**Problem to solve:** Where a line of the records holds the string "pitch", copy that line.
++++++++++
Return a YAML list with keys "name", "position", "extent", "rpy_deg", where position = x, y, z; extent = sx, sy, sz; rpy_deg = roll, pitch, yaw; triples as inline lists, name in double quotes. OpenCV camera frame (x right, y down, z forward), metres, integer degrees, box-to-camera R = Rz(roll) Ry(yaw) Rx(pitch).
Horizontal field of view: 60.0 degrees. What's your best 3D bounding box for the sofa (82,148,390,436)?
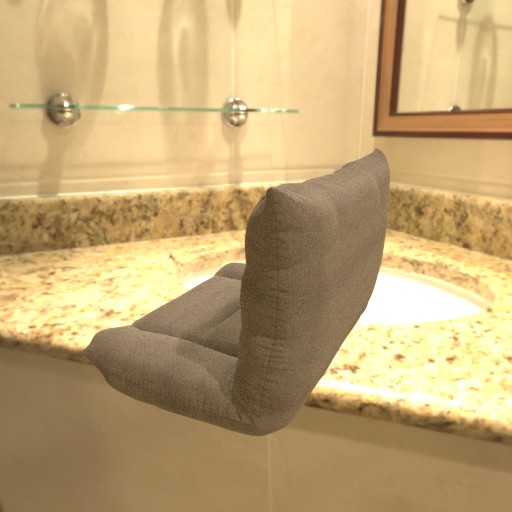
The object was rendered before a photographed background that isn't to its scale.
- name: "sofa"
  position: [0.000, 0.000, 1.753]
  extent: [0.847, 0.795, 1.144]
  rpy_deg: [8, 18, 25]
++++++++++
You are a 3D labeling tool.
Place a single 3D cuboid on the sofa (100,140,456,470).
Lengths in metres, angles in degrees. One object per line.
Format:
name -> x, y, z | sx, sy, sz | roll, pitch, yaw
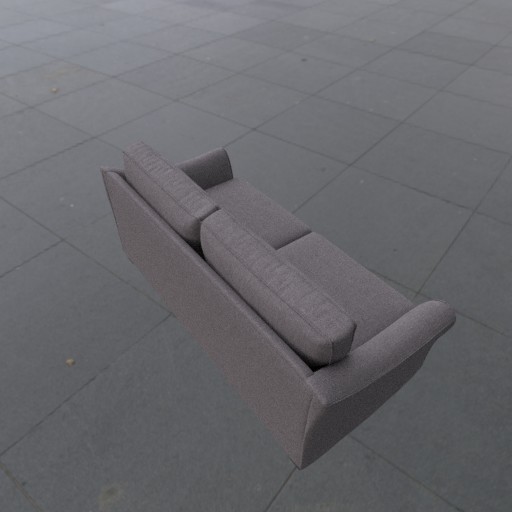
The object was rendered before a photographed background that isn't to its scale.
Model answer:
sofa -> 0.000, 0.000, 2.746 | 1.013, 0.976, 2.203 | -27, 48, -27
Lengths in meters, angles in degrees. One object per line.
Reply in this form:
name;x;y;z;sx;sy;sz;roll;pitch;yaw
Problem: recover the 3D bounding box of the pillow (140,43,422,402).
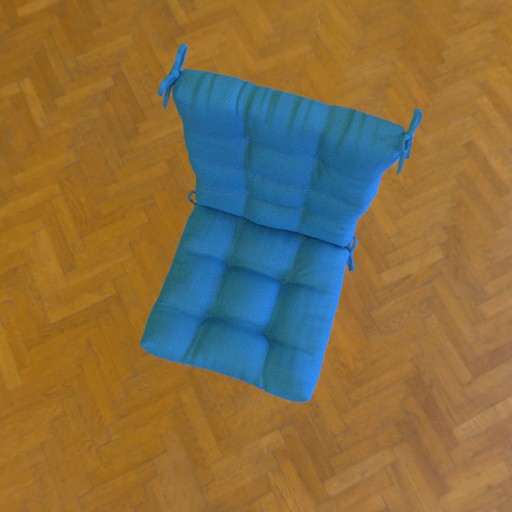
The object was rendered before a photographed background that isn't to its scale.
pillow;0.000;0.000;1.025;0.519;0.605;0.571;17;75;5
++++++++++
**Reply to the exercise:**
Return a YAML list with keys "name", "position", "extent", "rpy_deg", where position = x, y, z; extent = sx, sy, sz; rpy_deg = roll, pitch, yaw; triples as inline lists, name in double quotes. OpenCV camera frame (x right, y down, z forward), metres, integer degrees, box-to-camera R = Rz(roll) Ry(yaw) Rx(pitch).
name -> x, y, z | sx, sy, sz | roll, pitch, yaw
name;x;y;z;sx;sy;sz;roll;pitch;yaw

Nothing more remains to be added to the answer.